For those of you that don’t already know, or haven’t received any e-mails, or haven’t seen the posters or read any blogs. Epiphaneia is putting on The Evolving Church again this year on March 24th. We are especially excited this year because we think this lineup is dynamite. We got Shane Claiborne, Jim Wallis and Ron Sider all as our plenary speakers. When we told Rob Bell about the conference, he actually said that we had “like the Trinity of social justice.” So you can’t get much more encouraging than that. We got Sandra Ryan, David Fitch, Dan Oudshoorn, Dion Oxford, Rick Tobias (and a number of others) for workshop sessions. What better group could we have gotten to talk seriously about social and restorative justice.

Us at Epiphaneia had to make some hard decisions about a venue this year because last year we just sold out way to quick and actually had to turn people away. So this year we will be at the Meeting House in Oakville (Toronto area) at their new facility. I must admit, I am more than excited to see how this facility will play its role in the conference, its quite beautiful and I think it will work perfect.

We have had a better response this year than last from out-of-towners. People from all over Canada and the States have expressed interest in coming. Hopefully we have enough tickets for everyone this year.

We have a few surprises for people this year. I’m excited to unveil them, because it was hard work to get them. Hopefully people appreciate them as much as we do.

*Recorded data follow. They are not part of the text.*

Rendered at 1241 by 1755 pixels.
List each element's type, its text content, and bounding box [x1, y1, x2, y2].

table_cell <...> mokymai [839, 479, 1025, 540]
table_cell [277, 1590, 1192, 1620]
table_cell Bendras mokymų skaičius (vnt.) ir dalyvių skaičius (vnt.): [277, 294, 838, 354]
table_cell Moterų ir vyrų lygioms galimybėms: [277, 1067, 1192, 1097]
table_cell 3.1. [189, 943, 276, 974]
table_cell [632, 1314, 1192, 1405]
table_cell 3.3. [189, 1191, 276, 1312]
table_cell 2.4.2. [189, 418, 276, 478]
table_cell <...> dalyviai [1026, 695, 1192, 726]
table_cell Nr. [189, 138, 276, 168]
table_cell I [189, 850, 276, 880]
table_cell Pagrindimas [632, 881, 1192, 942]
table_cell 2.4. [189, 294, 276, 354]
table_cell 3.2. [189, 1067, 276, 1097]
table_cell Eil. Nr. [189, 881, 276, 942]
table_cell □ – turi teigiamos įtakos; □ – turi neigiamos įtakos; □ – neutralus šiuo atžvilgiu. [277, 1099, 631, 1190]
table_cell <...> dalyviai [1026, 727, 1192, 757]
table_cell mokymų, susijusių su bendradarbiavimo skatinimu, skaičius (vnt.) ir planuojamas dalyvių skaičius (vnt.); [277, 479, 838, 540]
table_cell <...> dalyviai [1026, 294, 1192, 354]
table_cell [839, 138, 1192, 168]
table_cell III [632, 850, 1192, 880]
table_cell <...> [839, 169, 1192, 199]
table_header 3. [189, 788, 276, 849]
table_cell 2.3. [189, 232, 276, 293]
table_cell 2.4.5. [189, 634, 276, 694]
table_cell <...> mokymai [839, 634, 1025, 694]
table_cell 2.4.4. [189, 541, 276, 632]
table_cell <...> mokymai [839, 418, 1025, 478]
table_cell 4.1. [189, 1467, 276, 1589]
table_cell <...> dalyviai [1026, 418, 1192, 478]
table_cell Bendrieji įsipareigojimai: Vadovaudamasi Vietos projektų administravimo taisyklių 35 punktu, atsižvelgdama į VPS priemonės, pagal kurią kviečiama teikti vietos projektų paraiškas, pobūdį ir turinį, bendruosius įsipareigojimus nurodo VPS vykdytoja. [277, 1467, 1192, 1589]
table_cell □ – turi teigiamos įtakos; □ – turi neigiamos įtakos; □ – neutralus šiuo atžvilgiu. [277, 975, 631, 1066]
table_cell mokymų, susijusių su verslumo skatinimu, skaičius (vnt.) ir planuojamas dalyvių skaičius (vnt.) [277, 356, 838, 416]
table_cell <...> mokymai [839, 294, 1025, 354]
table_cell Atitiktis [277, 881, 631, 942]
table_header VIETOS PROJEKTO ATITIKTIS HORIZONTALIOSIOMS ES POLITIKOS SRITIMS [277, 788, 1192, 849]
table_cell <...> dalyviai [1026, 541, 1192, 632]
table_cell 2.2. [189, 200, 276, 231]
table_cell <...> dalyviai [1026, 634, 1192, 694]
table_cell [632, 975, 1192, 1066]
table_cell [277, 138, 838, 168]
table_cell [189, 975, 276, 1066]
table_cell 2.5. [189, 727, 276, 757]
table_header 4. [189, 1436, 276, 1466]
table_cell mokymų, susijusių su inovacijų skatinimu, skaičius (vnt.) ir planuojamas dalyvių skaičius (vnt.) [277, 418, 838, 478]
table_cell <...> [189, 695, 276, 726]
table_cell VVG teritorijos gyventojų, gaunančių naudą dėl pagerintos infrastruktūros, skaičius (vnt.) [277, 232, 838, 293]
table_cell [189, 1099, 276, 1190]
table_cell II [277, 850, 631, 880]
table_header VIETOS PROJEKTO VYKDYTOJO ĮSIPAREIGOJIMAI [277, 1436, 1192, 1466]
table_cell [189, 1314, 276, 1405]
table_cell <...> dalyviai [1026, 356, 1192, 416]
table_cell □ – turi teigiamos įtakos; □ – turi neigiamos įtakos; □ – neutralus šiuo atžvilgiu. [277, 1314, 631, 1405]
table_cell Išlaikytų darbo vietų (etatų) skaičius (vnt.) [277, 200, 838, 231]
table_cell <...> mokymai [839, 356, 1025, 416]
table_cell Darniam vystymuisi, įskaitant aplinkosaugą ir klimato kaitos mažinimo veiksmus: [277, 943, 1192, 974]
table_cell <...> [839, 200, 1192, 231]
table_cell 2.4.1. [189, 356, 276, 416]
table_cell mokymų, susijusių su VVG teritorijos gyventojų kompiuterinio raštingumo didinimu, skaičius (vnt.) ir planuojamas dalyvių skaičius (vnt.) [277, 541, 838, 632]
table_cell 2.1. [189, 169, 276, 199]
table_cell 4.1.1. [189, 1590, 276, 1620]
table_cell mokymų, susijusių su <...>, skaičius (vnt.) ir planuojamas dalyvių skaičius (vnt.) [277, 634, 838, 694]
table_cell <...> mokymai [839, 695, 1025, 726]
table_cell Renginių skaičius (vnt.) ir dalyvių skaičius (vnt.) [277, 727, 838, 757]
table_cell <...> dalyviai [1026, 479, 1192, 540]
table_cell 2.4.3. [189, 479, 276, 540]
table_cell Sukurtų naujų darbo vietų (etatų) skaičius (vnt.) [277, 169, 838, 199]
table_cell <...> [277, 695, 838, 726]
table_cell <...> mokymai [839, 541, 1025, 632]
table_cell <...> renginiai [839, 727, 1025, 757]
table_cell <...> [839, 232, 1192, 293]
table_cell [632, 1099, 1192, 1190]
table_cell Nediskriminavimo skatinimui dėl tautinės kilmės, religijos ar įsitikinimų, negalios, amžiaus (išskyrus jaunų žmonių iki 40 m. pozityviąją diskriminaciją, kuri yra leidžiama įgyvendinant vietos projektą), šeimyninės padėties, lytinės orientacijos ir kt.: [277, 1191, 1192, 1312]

Looking forward to running another conference this year and I hope you can all attend it. If you need any more information, or tickets just go to our website at www.epconference.net or shoot us an e-mail at [email protected]

2 thoughts on “The Evolving Church: Restoring Justice”

  1. To be honest, I thought that The Meeting House was a bit of an unfortunate choice. Choosing to host a conference on social justice at a church that just dropped 12 million dollars on a building in Oakville (while only allocating about 1.5 million dollars towards justice related issues) seems a bit… strange.

  2. That was actually quite a big discussion for us when we were choosing a venue. Should we go downtown or in the suburbs and what are we saying with each decision, in the end though we decided that there was no better group of people that we wanted to reach with this message than exactly those that would drop 12 million on a building and those that live in more wealthy areas of town. Keep up the great blog by the way, I enjoy it every minute.